Just as binary data can be oddball, so can text.

## Denouement

> They invaded the hexagons, showed credentials which were not always false, 
> leafed through a volume with displeasure and condemned whole shelves: their 
> hygienic, ascetic furor caused the senseless perdition of millions of books.<br/>
> –Jorge Luis Borges (The Library of Babel)

**Topics**: Web Scraping; Portable Document Format; Image Formats; Binary Formats; Custom Text Formats

This chapter contemplated data sources that you may not, in your first thought, think of as *data* per se.  Within web pages and PDF document, the intention is usually to present human readable content that only contains analyzable data as a secondary concern.  In the ideal situation, whoever produced those less structured documents will also provide structured versions of the same data; however, that ideal situation is only occasionally realized.  A few nicely written Free Software libaries let us do a reasonable job of extracting meaningful data from these source, albeit always in a way that is somewhat specific to the particular document, or at least to the family or revisions, of a particular document.

Images are a very common interest in machine learning.  Drawing various conclusions about or characterizations of the content portrayed in images is a key application of deep neural networks, for example.  While those actual machine learning techniques are outside the scope of this particular book, this chapter introduced you to the basic APIs for acquiring an array/tensor representation of images, and performing some basic correction or normalization that will aid in those later machine learning models.

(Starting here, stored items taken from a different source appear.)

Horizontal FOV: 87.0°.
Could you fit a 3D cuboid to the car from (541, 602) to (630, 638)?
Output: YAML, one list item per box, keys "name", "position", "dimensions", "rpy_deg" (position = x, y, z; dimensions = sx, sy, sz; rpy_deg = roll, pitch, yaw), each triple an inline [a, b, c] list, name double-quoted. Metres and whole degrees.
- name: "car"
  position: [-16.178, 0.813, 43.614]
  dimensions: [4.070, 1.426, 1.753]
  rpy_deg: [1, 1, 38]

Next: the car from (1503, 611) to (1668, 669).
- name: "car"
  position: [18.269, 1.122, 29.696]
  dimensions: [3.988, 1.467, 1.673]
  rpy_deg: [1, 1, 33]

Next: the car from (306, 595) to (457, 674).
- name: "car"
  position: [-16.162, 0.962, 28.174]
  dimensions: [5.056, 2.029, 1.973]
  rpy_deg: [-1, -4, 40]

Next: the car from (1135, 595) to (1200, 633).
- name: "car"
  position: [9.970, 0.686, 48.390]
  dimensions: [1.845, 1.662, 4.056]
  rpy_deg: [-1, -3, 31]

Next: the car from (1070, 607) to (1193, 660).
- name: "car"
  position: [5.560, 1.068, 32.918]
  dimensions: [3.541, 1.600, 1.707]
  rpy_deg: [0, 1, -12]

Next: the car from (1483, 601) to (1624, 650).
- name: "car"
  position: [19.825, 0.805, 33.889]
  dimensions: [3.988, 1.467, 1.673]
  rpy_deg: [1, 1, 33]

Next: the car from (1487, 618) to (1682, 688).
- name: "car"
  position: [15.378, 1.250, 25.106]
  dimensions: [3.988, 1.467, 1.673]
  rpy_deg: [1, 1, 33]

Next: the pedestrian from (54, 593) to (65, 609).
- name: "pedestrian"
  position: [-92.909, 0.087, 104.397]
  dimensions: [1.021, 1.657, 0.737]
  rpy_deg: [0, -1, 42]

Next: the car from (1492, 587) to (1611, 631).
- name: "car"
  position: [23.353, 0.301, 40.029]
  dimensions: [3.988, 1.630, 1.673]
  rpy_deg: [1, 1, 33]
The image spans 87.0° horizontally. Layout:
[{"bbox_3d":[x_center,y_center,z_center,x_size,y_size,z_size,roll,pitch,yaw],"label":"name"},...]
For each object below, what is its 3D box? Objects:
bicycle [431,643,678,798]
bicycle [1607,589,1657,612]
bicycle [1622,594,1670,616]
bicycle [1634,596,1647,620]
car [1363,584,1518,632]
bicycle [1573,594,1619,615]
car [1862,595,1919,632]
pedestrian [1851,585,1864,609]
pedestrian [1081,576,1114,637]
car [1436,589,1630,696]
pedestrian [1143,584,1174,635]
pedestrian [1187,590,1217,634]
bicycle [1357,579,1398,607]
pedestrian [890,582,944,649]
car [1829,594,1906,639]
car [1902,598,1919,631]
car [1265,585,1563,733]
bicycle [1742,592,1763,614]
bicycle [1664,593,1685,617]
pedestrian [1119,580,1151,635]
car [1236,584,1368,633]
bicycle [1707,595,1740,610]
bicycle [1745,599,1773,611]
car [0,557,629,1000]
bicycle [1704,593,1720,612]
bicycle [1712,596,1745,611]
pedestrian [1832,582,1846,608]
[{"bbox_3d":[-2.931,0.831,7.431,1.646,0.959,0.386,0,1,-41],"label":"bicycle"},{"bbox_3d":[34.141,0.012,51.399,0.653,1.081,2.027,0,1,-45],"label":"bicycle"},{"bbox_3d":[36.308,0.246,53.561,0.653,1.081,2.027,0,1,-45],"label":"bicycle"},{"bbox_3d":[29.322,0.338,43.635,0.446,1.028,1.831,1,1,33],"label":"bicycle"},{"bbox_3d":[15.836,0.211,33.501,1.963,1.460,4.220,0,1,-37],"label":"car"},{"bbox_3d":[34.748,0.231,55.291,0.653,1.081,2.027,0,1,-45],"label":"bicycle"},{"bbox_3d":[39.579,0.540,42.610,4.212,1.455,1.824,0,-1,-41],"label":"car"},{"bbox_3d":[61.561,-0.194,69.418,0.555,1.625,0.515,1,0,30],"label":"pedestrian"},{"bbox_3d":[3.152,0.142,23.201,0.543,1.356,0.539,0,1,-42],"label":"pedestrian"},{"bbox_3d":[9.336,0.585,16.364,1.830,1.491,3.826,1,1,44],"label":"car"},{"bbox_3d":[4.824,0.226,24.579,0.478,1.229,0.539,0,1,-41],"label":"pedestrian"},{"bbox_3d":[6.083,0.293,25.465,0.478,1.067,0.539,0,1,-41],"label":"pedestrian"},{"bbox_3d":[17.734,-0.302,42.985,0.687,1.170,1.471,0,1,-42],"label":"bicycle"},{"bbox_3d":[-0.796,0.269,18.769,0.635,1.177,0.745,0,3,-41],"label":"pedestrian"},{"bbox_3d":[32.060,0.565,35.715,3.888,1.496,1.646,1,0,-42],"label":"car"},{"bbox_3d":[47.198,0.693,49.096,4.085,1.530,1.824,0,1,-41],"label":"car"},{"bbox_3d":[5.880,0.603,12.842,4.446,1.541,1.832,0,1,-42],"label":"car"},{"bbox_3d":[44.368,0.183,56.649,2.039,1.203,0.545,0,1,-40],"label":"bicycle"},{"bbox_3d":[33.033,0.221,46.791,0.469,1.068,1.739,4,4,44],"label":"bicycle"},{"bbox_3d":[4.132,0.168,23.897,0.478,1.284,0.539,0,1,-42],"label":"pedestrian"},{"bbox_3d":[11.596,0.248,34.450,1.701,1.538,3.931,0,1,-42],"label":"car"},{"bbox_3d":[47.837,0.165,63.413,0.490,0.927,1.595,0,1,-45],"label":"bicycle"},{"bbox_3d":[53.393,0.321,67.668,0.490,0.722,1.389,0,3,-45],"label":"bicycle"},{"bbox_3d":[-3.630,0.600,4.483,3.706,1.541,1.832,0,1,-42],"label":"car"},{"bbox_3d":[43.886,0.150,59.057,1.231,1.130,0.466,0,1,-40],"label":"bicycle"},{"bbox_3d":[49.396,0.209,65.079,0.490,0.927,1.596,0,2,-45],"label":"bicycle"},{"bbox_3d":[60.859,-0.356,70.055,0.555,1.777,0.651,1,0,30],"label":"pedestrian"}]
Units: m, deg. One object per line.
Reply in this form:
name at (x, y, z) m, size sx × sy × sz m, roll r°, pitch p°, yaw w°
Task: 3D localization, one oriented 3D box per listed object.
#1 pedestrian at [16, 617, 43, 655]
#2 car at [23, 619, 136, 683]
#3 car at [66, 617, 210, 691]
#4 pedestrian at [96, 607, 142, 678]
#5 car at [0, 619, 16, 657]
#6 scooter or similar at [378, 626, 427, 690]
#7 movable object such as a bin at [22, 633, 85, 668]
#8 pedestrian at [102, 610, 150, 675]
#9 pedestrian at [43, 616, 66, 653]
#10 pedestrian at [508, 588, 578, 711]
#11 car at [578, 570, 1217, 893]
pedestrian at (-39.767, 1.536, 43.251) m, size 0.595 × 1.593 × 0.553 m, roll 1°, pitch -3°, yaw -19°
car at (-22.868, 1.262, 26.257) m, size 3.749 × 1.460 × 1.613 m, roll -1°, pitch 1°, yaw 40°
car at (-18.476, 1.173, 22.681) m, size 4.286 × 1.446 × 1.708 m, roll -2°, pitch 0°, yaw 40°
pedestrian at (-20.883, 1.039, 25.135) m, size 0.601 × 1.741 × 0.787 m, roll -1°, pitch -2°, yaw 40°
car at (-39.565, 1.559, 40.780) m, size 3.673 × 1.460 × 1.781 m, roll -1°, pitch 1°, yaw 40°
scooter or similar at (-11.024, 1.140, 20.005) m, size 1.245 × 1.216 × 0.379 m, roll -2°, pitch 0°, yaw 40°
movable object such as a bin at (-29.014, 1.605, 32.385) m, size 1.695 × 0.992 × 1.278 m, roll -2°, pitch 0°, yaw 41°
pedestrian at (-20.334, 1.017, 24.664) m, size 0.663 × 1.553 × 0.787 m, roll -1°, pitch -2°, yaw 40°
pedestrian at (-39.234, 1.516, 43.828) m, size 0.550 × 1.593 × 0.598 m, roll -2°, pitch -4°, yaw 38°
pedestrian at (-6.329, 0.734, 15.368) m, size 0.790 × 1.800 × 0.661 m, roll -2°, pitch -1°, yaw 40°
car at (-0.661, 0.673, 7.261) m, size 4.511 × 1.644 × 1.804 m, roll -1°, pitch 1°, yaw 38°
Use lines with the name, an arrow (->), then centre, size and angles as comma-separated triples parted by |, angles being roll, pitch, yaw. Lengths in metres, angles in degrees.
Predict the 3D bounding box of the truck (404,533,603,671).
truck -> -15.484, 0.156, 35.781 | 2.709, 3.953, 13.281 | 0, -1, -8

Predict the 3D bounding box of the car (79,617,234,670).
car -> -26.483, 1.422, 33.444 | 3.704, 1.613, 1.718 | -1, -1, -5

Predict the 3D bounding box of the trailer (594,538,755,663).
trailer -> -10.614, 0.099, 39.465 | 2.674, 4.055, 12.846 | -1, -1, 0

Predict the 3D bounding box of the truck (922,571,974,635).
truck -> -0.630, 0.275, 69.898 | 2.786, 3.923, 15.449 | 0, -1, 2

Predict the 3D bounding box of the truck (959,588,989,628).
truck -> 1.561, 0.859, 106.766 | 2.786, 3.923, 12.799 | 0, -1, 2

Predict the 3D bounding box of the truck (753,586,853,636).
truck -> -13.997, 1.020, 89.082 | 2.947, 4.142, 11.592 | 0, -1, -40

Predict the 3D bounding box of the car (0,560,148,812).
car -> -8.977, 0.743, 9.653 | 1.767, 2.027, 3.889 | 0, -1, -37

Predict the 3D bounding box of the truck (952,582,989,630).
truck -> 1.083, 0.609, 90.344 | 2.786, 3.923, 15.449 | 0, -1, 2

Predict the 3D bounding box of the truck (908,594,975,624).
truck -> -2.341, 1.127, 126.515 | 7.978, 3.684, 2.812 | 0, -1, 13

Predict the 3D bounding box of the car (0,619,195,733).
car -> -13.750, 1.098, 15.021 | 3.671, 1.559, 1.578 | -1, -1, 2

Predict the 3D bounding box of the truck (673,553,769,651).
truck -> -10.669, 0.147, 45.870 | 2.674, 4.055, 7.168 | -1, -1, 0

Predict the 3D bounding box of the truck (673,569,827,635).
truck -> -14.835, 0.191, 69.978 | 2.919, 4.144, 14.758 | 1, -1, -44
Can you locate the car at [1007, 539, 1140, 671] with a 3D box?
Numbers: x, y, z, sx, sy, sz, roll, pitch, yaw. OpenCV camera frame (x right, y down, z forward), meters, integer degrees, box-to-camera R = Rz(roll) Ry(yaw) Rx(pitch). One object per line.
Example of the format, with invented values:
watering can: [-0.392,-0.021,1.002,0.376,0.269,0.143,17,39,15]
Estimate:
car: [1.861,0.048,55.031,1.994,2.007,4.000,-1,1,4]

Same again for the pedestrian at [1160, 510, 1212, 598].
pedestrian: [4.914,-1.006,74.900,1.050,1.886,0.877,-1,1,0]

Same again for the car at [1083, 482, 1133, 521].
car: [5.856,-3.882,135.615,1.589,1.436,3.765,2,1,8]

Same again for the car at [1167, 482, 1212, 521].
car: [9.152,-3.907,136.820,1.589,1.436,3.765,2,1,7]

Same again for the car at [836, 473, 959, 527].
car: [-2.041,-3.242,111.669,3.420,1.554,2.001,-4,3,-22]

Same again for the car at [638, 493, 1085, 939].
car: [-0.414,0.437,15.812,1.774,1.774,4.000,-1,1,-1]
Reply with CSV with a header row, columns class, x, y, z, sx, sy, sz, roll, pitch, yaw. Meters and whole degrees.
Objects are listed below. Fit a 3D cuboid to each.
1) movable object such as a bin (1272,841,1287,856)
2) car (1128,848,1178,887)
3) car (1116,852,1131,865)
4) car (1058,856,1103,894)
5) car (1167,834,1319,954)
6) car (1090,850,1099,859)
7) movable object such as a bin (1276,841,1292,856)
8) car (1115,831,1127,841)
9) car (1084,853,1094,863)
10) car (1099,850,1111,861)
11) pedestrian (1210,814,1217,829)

There are formats, as well, that while directly intended as means of recording and communicating data as such, are not widely used and tooling to read them directly may not be available to you.  The specific examples we present, for both binary and textual custom formats, are ones that library support exists for (less so for the text formats this chapter examines), but the general kinds of reasoning and approach to creating custom ingestion tools presented resemble those you will need to use when you encounter an antiquated, in-house, or merely idiosyncratic, format.

The next chapter begins the next saga of this book.  These early chapters paid special attention to data formats you need to work with.  The next two chapters look at problems characteristic of data elements per se, not only their representation.  We begin by looking for anomalies in data.